▸ **SUPPLIED INFORMATION**
########################################
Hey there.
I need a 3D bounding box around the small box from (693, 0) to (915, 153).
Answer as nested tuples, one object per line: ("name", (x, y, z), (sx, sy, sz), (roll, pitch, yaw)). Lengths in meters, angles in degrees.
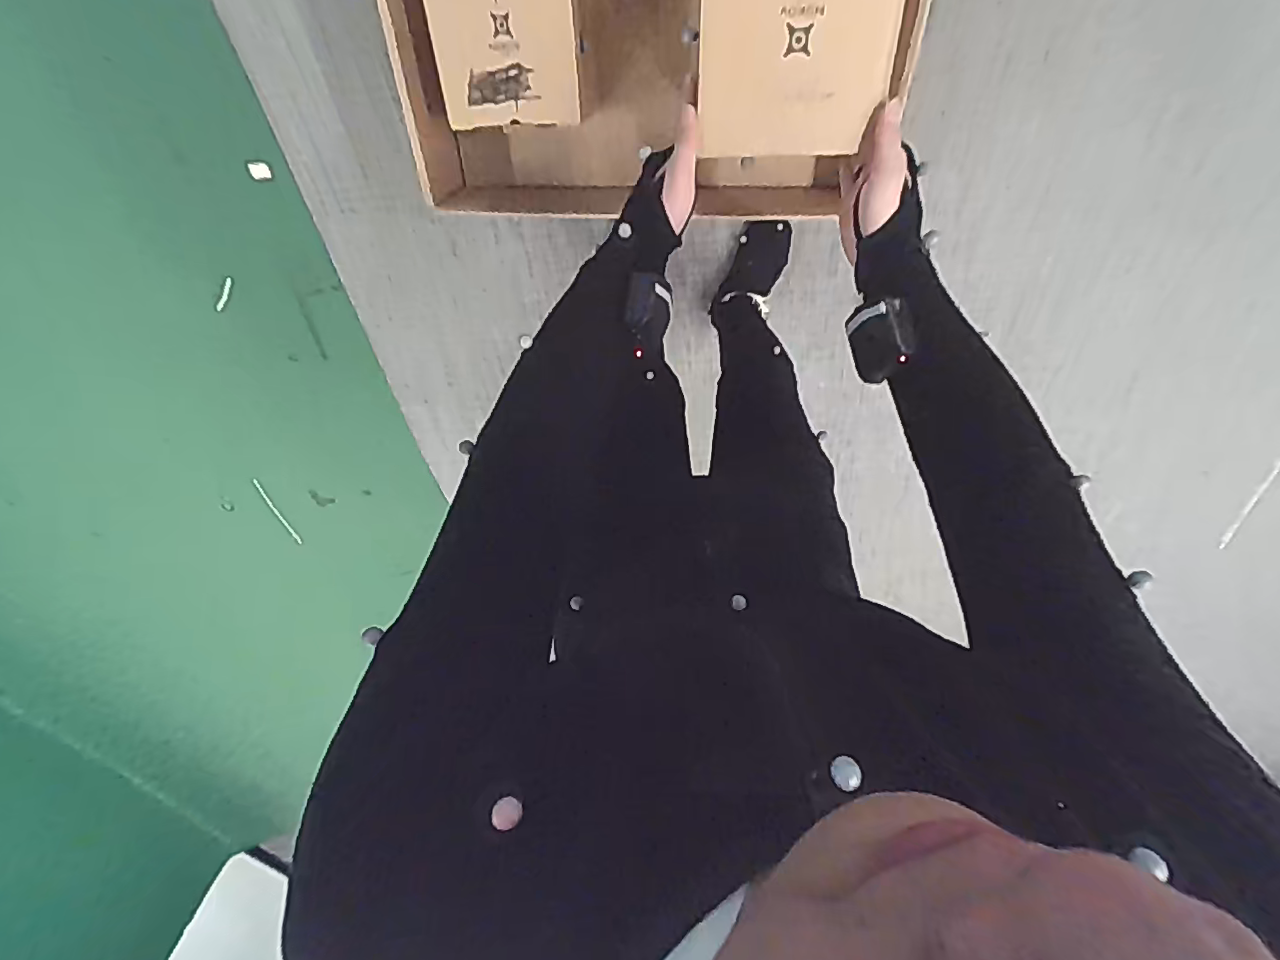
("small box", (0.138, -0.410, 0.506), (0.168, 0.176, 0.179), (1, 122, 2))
########################################
▸ **WORK ITEM**
Without the pictures, retype all of the data above exactly.

▸ **ANSWER SPACE**
Hey there.
I need a 3D bounding box around the small box from (693, 0) to (915, 153).
Answer as nested tuples, one object per line: ("name", (x, y, z), (sx, sy, sz), (roll, pitch, yaw)). Lengths in meters, angles in degrees.
("small box", (0.138, -0.410, 0.506), (0.168, 0.176, 0.179), (1, 122, 2))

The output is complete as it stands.